BEGIN

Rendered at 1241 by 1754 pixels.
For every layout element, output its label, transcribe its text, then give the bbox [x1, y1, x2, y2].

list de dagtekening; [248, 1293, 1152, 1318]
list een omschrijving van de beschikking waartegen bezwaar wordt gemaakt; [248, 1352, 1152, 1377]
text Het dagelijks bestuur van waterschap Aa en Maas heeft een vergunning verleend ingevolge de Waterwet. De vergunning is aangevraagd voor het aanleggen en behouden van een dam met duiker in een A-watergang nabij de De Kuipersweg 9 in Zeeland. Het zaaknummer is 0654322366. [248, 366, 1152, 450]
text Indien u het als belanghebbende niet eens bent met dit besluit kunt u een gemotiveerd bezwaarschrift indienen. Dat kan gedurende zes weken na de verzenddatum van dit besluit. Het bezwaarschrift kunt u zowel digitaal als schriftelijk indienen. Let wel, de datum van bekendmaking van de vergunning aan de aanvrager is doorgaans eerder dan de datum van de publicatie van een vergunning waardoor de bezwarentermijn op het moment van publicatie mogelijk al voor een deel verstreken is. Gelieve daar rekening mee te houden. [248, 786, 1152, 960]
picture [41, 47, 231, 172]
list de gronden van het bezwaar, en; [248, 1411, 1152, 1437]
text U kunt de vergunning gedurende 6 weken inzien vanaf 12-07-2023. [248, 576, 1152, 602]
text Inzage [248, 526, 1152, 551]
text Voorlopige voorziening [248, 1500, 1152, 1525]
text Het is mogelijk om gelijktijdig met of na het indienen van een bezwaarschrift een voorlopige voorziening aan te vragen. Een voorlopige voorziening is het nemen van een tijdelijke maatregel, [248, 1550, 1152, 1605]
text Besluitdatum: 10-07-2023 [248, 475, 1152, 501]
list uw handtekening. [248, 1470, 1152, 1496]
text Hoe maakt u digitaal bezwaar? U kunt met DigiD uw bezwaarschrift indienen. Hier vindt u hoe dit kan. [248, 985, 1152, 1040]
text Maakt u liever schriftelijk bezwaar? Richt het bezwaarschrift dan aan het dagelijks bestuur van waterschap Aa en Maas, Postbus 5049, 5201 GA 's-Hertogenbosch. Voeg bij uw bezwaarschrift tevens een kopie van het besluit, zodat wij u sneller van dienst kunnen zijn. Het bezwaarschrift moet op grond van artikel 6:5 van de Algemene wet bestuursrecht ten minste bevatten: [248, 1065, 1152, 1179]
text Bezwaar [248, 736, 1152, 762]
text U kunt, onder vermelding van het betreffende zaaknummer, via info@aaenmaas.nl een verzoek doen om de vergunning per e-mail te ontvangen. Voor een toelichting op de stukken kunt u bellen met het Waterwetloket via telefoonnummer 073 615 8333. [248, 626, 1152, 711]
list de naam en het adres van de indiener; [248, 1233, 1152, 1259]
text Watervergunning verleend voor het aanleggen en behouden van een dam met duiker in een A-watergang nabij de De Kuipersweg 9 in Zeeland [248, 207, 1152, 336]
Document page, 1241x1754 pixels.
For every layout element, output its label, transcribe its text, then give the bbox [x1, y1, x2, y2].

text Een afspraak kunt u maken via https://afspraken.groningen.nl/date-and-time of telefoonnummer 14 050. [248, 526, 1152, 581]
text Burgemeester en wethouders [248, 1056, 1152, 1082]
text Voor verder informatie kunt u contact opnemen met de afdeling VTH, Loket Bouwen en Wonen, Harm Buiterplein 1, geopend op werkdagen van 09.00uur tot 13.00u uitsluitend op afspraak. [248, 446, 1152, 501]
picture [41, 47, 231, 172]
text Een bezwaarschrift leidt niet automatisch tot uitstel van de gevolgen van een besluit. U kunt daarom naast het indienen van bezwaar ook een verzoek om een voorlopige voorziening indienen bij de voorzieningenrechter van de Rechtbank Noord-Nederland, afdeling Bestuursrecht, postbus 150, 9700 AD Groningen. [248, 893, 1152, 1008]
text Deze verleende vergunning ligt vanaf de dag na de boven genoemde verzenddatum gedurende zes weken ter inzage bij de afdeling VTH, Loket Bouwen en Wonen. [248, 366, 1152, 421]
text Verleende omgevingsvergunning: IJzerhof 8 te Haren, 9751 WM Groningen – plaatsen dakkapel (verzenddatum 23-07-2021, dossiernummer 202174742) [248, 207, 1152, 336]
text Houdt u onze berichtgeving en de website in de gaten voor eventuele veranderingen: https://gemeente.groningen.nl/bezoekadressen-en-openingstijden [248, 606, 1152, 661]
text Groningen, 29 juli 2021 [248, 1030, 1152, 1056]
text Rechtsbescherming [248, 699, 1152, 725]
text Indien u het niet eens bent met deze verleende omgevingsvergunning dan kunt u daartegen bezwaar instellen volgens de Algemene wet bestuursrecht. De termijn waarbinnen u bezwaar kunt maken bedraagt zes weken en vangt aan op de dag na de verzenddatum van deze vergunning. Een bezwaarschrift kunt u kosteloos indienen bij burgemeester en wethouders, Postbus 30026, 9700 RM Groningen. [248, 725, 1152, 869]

END

__Directions for this task__
Report every line containing the word "waterschap" from the listing above.

__Exercise response__
text Het dagelijks bestuur van waterschap Aa en Maas heeft een vergunning verleend ingevolge de Waterwet. De vergunning is aangevraagd voor het aanleggen en behouden van een dam met duiker in een A-watergang nabij de De Kuipersweg 9 in Zeeland. Het zaaknummer is 0654322366. [248, 366, 1152, 450]
text Maakt u liever schriftelijk bezwaar? Richt het bezwaarschrift dan aan het dagelijks bestuur van waterschap Aa en Maas, Postbus 5049, 5201 GA 's-Hertogenbosch. Voeg bij uw bezwaarschrift tevens een kopie van het besluit, zodat wij u sneller van dienst kunnen zijn. Het bezwaarschrift moet op grond van artikel 6:5 van de Algemene wet bestuursrecht ten minste bevatten: [248, 1065, 1152, 1179]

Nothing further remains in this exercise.